For the Commnt 7, the authors must be menttioned the observation either in the Results section or the Discussion section as a limitation.

Other parts are adequately improved.

Comment 7: In the Fig S1 B and C, increase of ISL was expectable after broken, however, why it is remained high level during the study?

Response 7: The reviewer raises an important question. Unfortunately, we could not define with precision the day of implant breakage. We suspect that the levels remained high as the drug was still releasing from the compromised implant, i.e., there was likely still drug in the implant until removal and therefore drug levels remained high.

Author Response

Reviewer 1- 2nd round

For the Commnt 7, the authors must be menttioned the observation either in the Results section or the Discussion section as a limitation. Other parts are adequately improved.

Response: We have added the observation and implications in the discussion section (pg 16,line 543-544)

Reviewer 1- 1^st round

Comment 7: In the Fig S1 B and C, increase of ISL was expectable after broken, however, why it is remained high level during the study?
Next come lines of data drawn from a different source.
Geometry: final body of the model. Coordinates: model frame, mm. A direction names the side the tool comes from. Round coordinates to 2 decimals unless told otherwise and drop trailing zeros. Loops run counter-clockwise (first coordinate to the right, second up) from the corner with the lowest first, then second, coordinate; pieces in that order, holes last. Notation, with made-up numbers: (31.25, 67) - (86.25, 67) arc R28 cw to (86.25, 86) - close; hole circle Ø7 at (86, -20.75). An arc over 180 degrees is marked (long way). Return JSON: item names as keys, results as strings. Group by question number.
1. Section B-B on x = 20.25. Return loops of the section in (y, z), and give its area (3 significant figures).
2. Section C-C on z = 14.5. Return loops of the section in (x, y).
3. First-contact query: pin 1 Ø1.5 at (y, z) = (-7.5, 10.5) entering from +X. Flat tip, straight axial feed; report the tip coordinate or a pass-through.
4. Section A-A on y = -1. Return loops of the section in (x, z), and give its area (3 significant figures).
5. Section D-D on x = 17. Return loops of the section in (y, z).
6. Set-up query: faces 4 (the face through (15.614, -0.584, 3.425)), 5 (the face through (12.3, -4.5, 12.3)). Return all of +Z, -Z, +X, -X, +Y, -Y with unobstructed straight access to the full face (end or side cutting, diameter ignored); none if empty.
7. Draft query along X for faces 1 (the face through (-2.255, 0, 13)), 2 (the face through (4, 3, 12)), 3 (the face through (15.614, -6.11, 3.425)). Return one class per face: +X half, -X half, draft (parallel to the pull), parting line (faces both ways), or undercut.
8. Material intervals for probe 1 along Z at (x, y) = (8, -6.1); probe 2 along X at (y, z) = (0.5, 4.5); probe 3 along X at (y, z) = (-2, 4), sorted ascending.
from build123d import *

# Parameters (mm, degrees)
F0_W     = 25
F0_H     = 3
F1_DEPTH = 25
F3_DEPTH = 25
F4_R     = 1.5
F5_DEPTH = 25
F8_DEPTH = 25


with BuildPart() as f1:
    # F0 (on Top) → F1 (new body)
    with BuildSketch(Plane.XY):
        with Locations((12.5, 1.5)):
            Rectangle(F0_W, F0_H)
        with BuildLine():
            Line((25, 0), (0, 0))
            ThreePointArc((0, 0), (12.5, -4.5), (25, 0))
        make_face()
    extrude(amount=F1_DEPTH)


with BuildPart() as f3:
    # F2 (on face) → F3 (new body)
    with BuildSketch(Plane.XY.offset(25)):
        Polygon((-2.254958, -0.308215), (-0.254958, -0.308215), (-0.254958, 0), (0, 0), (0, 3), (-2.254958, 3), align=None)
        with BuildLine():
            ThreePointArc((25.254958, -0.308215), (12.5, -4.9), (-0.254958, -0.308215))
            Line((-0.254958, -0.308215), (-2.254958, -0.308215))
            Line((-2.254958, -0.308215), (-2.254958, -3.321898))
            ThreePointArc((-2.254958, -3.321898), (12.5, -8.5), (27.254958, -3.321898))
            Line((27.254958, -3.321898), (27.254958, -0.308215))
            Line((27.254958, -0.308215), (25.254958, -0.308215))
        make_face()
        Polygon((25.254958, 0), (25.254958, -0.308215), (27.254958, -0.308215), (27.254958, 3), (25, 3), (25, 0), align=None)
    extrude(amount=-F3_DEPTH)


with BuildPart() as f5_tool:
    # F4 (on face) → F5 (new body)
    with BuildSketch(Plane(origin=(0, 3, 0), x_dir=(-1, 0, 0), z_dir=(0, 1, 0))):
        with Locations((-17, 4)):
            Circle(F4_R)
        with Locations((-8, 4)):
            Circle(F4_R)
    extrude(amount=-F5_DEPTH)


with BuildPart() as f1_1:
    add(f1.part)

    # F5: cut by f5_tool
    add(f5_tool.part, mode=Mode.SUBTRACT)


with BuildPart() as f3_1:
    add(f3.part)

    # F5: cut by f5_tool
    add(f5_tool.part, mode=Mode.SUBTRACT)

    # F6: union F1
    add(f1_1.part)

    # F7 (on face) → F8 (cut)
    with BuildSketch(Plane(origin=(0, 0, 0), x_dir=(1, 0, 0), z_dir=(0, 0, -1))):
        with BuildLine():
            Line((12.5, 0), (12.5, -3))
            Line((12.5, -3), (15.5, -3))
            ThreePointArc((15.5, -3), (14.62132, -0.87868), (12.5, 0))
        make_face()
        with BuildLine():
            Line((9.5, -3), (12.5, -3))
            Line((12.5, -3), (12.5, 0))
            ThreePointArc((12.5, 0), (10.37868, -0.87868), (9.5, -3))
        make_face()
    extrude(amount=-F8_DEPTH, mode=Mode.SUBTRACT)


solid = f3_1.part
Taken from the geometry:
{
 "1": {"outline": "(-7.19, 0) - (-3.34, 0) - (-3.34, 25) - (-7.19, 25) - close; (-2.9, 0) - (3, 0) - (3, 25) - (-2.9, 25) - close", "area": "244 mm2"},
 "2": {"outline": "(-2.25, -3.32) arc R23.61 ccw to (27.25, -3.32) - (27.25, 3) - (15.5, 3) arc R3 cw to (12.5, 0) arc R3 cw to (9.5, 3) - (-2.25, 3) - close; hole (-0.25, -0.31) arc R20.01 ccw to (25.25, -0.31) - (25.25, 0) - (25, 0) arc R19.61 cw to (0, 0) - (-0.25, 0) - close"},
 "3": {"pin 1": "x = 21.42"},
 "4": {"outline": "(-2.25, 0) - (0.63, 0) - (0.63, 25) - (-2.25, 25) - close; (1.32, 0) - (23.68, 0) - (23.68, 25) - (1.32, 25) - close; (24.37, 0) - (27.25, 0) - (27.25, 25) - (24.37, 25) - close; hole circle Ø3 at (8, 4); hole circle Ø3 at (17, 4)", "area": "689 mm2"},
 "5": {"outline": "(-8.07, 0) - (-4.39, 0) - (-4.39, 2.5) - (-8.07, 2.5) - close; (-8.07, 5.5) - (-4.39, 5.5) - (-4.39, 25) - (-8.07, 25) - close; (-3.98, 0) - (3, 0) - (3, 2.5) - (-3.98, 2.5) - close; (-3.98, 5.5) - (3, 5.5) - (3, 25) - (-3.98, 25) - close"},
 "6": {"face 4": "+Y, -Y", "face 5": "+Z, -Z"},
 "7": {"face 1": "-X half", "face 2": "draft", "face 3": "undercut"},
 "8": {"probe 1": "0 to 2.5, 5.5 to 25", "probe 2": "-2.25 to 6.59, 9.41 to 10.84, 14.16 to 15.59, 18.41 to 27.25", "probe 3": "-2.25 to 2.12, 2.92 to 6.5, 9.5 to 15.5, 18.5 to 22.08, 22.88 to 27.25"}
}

Response 7: The reviewer raises an important question. Unfortunately, we could not define with precision the day of implant breakage. We suspect that the levels remained high as the drug was still releasing from the compromised implant, i.e., there was likely still drug in the implant until removal and therefore drug levels remained high.

Reviewer 4 Report

The authors have adequately addressed my comments.

Author Response

We thank the reviewer for taking the time to review this work and improving the content through the peer review process.